KZMY
- Bozeman, Montana; United States;
- Broadcast area: Bozeman, Montana Helena, Montana
- Frequency: 103.5 MHz
- Branding: My 103.5

Programming
- Format: Hot adult contemporary
- Affiliations: Compass Media Networks Premiere Networks

Ownership
- Owner: Townsquare Media; (Townsquare License, LLC);
- Sister stations: KISN, KMMS, KMMS-FM, KPRK, KXLB

History
- First air date: 2004
- Call sign meaning: "Bozeman's My" (branding)

Technical information
- Licensing authority: FCC
- Facility ID: 72722
- Class: C1
- ERP: 100,000 watts
- HAAT: 289 meters (949 feet)
- Transmitter coordinates: 45°57′25″N 111°22′11″W﻿ / ﻿45.95694°N 111.36972°W

Links
- Public license information: Public file; LMS;
- Webcast: Listen Live
- Website: my1035.com

= KZMY =

KZMY (103.5 FM, "My 103.5") is a radio station licensed to serve Bozeman, Montana. The station is owned by Townsquare Media, licensed to Townsquare License, LLC. It airs a hot adult contemporary music format.

All Townsquare Media Bozeman studios are located at 125 West Mendenhall Street, downtown Bozeman. KXLB, KMMS-FM, KZMY, and KISN all share a transmitter site on Green Mountain, east of Bozeman.
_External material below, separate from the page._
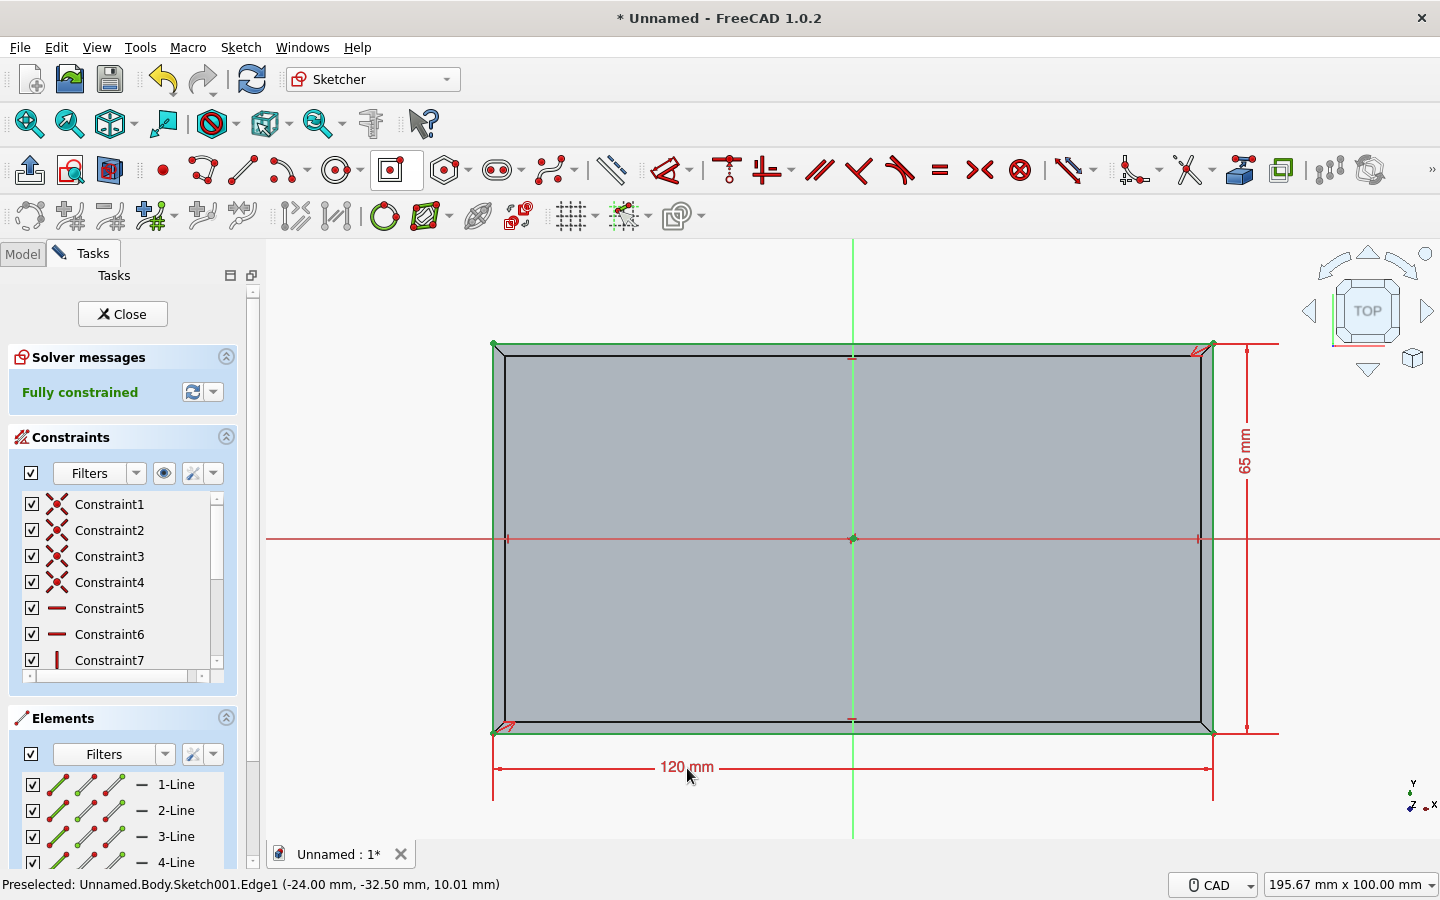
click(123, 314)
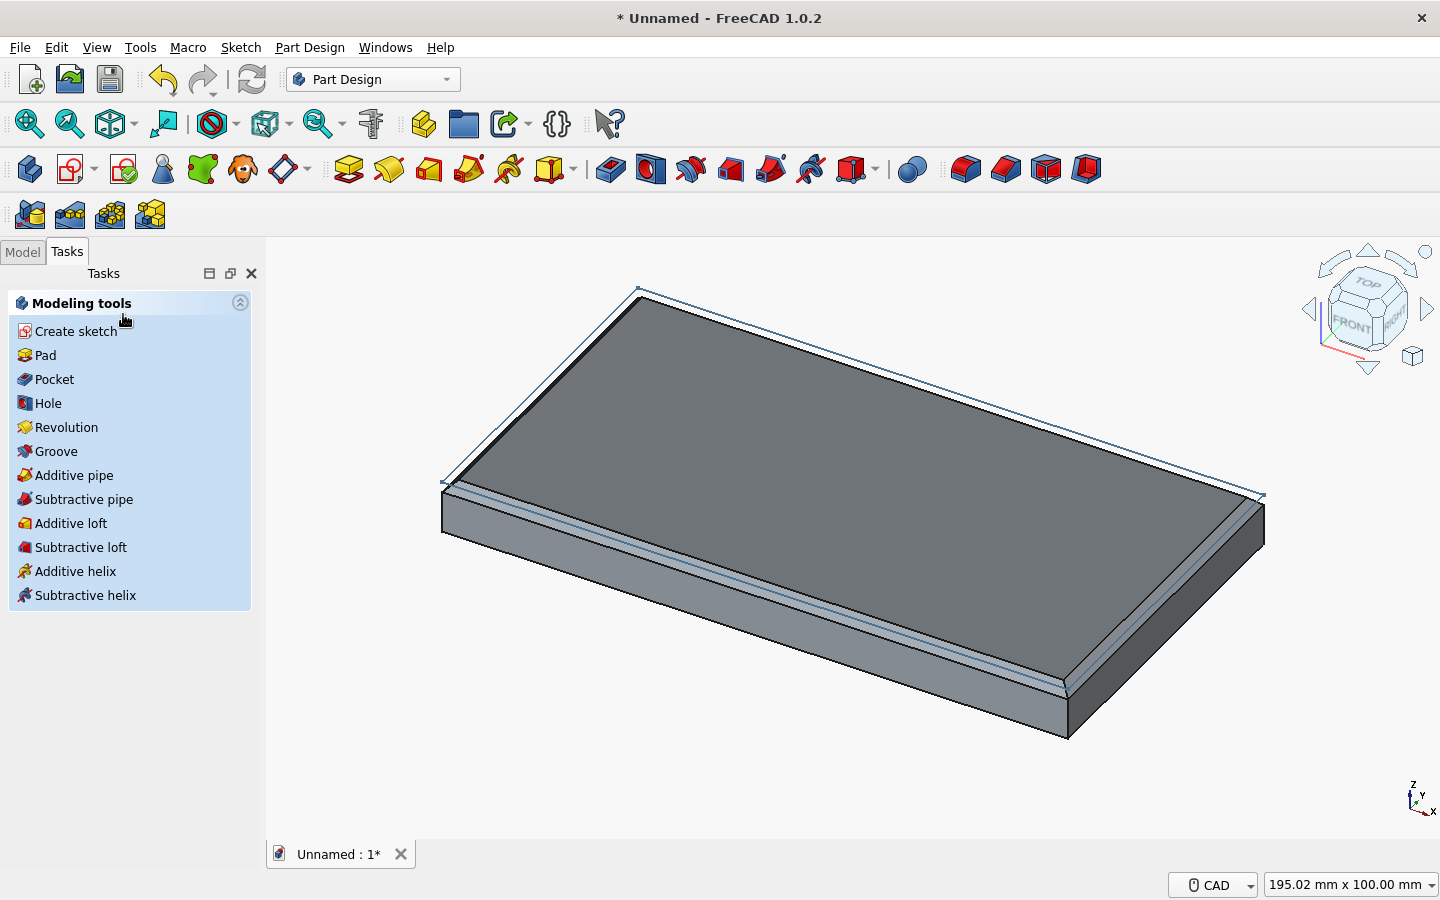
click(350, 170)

The station was assigned the KZMY call letters by the Federal Communications Commission on June 20, 2002.

==Ownership==
In February 2008, Colorado-based GAPWEST Broadcasting completed the acquisition of 57 radio stations in 13 markets in the Pacific Northwest-Rocky Mountain region from Clear Channel Communications. The deal, valued at a reported $74 million, included six Bozeman stations, seven in Missoula and five in Billings. Other stations in the deal are located in Shelby, Montana, and in Casper and Cheyenne, Wyoming, plus Pocatello and Twin Falls, Idaho, and Yakima, Washington. GapWest was folded into Townsquare Media on August 13, 2010.